In general terms, cognitive poetics explains what happens
in the mind when literary texts are read, focussing on conceptual and sensory
information emanating from the text as the reader progresses. In other
words, cognitive theories help us understand what happens in the mind as
readers cross the space of the text. Cognitive poetician Reuven Tsur defines
reading as a spatial orientation because the part of the brain that gets
activated when we read is the same that operates when we attempt to find
orientation in space. Particularly, Tsur argues that there are two types
of reading — rapid and delayed categorisation. With the latter, reading
is a linear, concept packing activity; we cross the text as we travel by
bus or train from place to place, point to point — the important is
the destination, the meaning of words. On the contrary, a delayed-categorisation
type of reading is slower and allows the mind to extract the rich sensory
information that emanates from the text. Once this space is opened
for ‘navigation’ the conceptual and sensory information is analysed
by readers as they enter and enact such information in the different geographical,
temporal and social mental spaces created by the writer.
Psychogeography of Indigenous poetry
A journey through the poetry of Humberto Akabal is a journey
through the cognitive and sensory dimension of his Qitz language, which
is the language he uses to write the poetry that he later translates into
Spanish. Akabal is one of the most internationally recognised Indigenous
poets, he has won numerous awards, and, above all, he fiercely defends
the Indigenous worldviews of his Mayan community, which pervade his poetry.

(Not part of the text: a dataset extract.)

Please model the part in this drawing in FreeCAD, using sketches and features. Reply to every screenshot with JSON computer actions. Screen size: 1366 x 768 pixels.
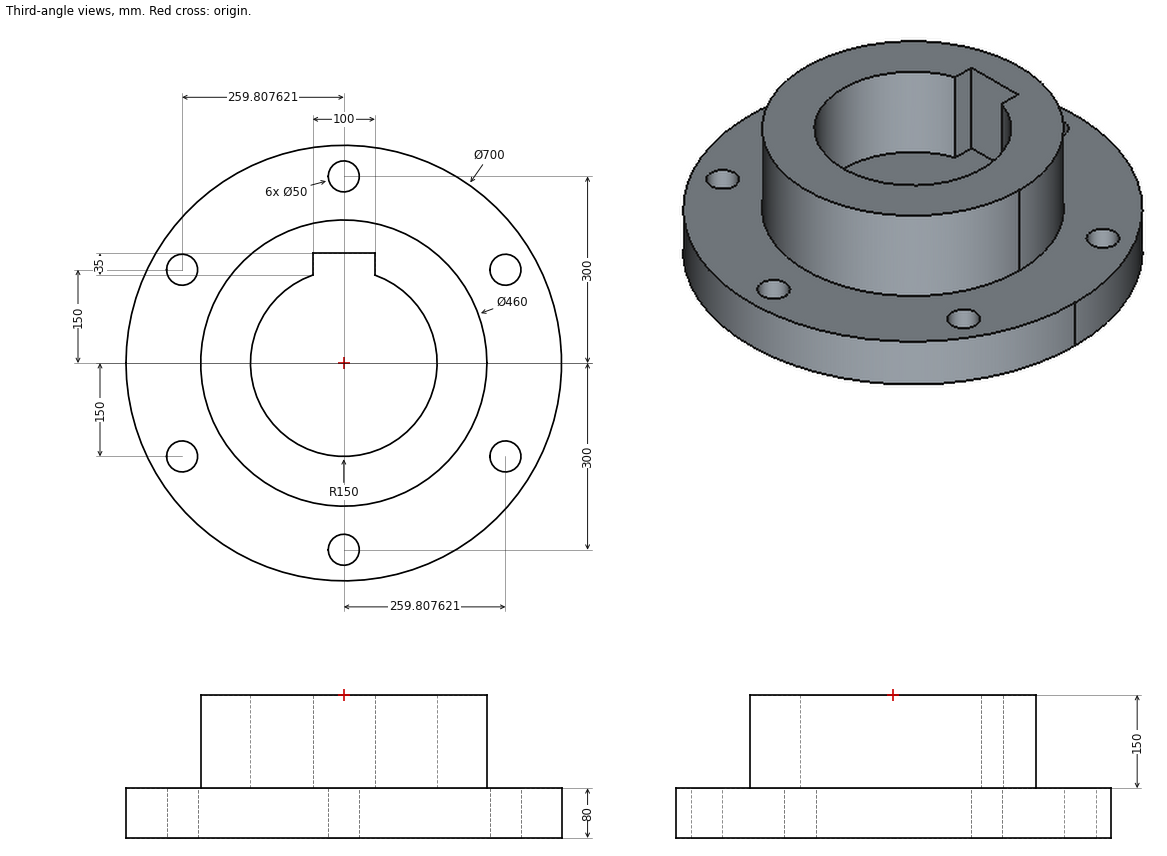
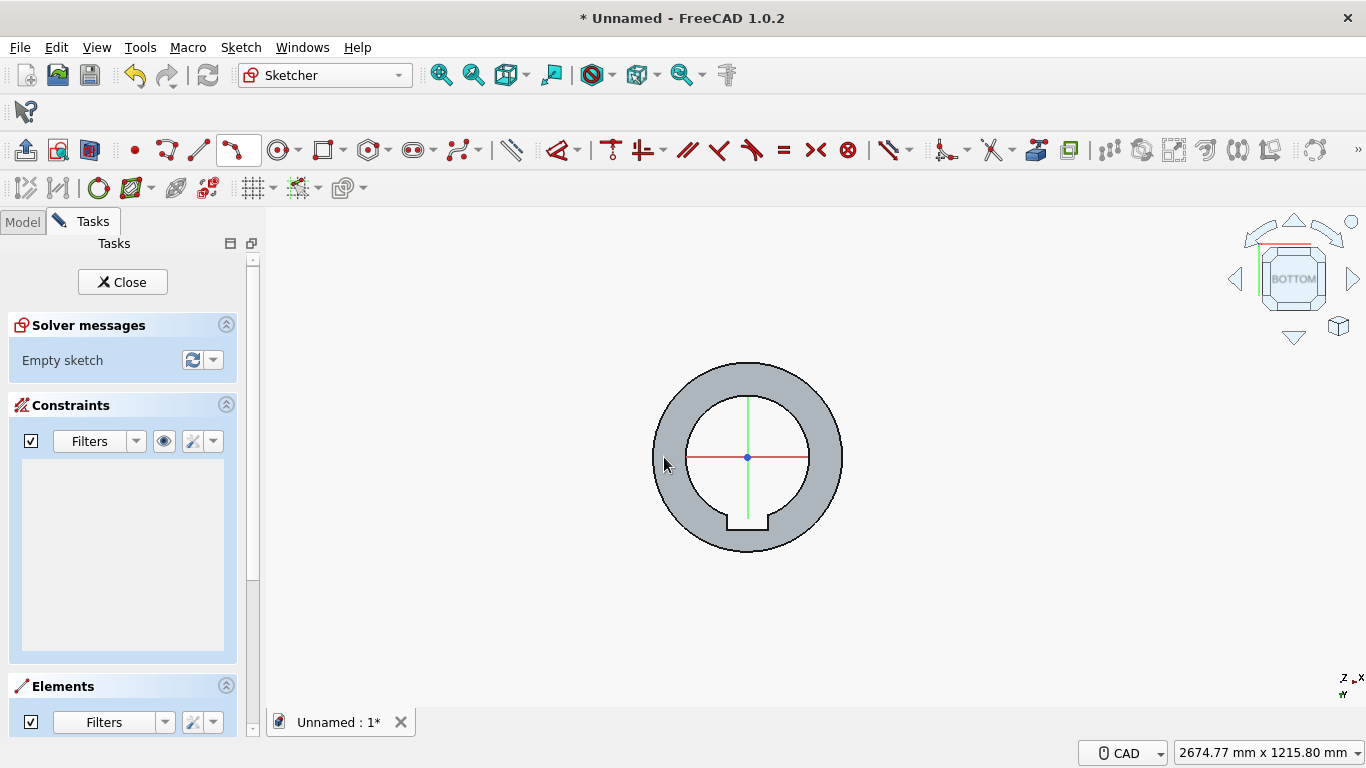
{"action": "left_click", "coordinate": [278, 150]}
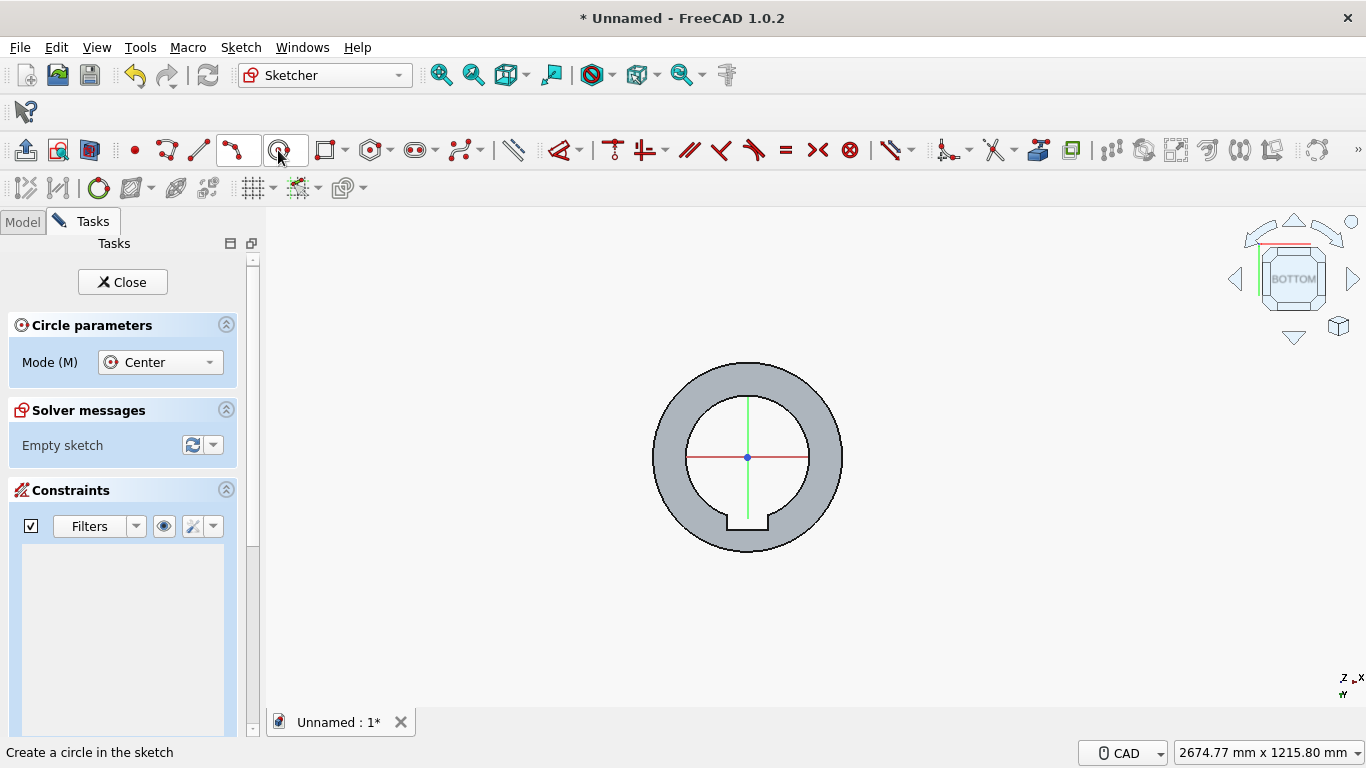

As we will observe in the other two Indigenous poets, Akabal’s relationship
with nature is reciprocal; it is a relationship between two living beings,
which in turn is an inherent part of the writer’s identity and of Indigenous
collective identity as well, because to Mayans, human’s ultimate humanity
resides precisely in their capacity for metamorphosis. This can be seen
in one of his beautiful poems, “Color of Water”, where he metamorphoses
with a tree, in an image of splendid simplicity: I search for my shadow
/ And I find it in the water. / I have branches / I have leaves/ I am a
tree… / And I look at the sky / As trees look at it:/ The color of water.
The poet doesn’t need sophisticated imagery to find
who he really is; he just needs to look at his reflection in the water
to find himself fused with elements of nature. If we adopt a delayed categorisation
type of reading we can reproduce in our mind the image of a man and a tree
as one; an image where the poet has inherited part of the attributes of
the tree, and the tree part of the attributes of the poet. From the perspective
of cognition, this is called conceptual blending, which is the capacity
developed by humans during the Palaeolithic to innovate, which gave them
the ability to invent new concepts and to assemble new and dynamic mental
patterns. The results of this change were awesome: human beings developed
art, science, religion, culture, refined tool use, and language. In this
respects, the proponents of conceptual blending suggest that human imagination
is the product of bodily interaction with the environment.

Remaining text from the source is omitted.